Die teuerste Handtasche der Welt: die 6 Rekordhalter

Elizabet Luso

Mode Expertin & Geschäftsführerin

7 min. Lesezeit
verfasst am 13.07.2026

Die teuerste Handtasche der Welt ist der Original-Prototyp der Hermès Birkin: Am 10. Juli 2025 wurde er bei Sotheby's in Paris für 8,6 Millionen Euro inklusive Aufgeld versteigert, umgerechnet rund 8 Millionen Franken. Damit hat eine Handtasche erstmals Preise erreicht, die sonst Gemälden vorbehalten sind. Wir zeigen dir die teuersten Handtaschen der Welt, erklären, warum sie so viel kosten, und was davon für dich realistisch erreichbar ist.

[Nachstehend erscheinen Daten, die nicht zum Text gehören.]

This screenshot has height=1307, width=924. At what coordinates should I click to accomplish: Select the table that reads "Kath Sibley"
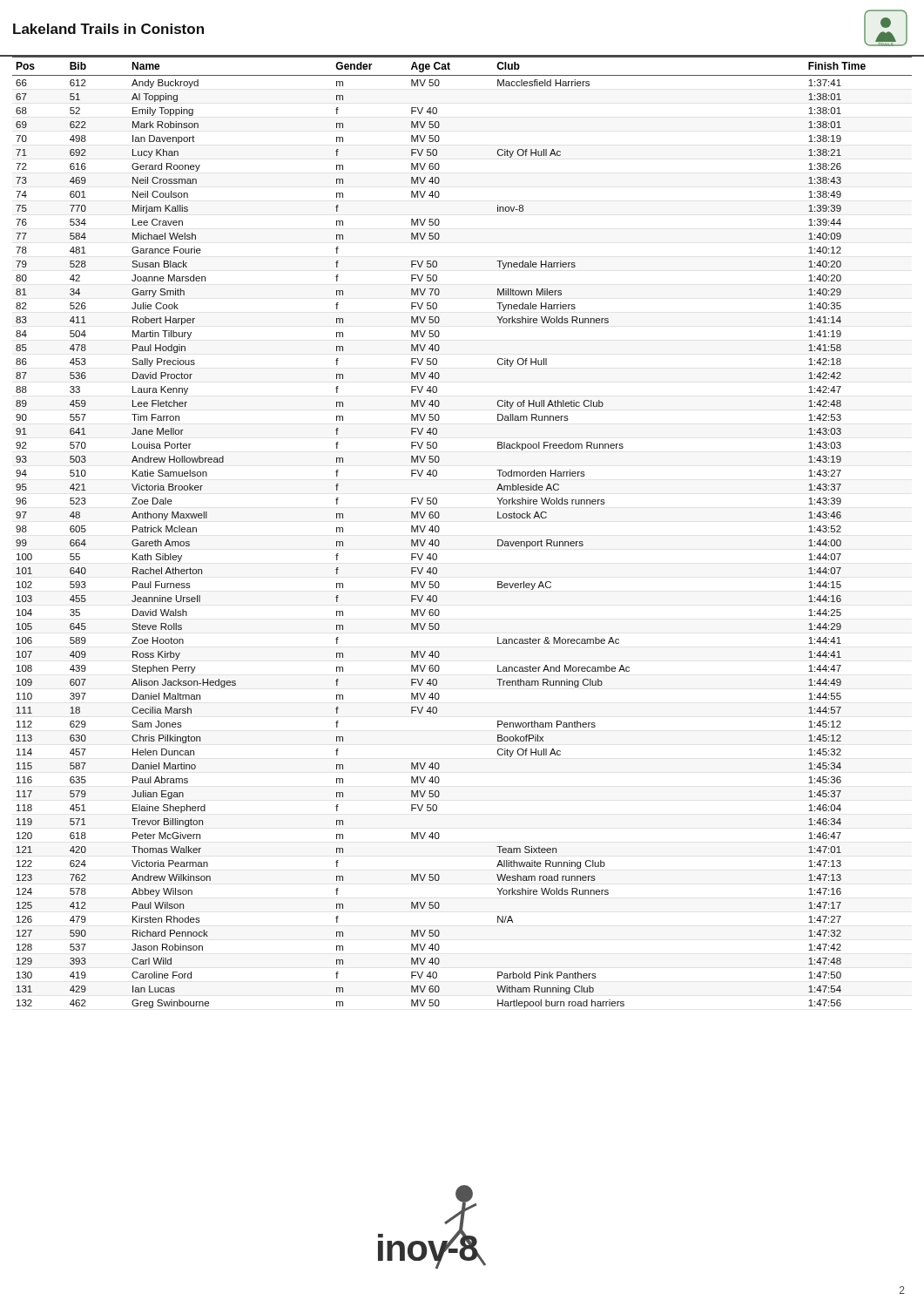pos(462,533)

Platz 1: Der Birkin-Prototyp von Jane Birkin, 8,6 Millionen Euro

1984 sass Jane Birkin im Flugzeug neben Jean-Louis Dumas, dem damaligen Hermès-Chef. Ihre Strohtasche fiel um, der Inhalt verteilte sich im Gang. Sie beschwerte sich, es gebe keine Tasche, die schön und praktisch zugleich sei. Dumas entwarf ihr eine. Genau dieses Einzelstück, das erste Exemplar überhaupt, kam 2025 unter den Hammer.

Der Zuschlag lag bei 8,6 Millionen Euro inklusive Aufgeld und damit weit über allen Erwartungen. Die Tasche ging an eine Käuferin aus Japan. Nicht das Material machte den Preis, sondern die Geschichte: Es ist die Tasche, die einer ganzen Modeikone ihren Namen gab.

Platz 2: Mouawad 1001 Nights Diamond Purse, rund 3,4 Millionen Euro

Diese Tasche ist streng genommen die wertvollste der Welt, auch wenn sie nie versteigert wurde. Das Juwelierhaus Mouawad fertigte sie in Herzform aus 18-karätigem Gold und besetzte sie mit über 4'500 Diamanten. Sie ist weniger Handtasche als tragbares Schmuckstück und steht im Guinness-Buch als wertvollste Handtasche überhaupt.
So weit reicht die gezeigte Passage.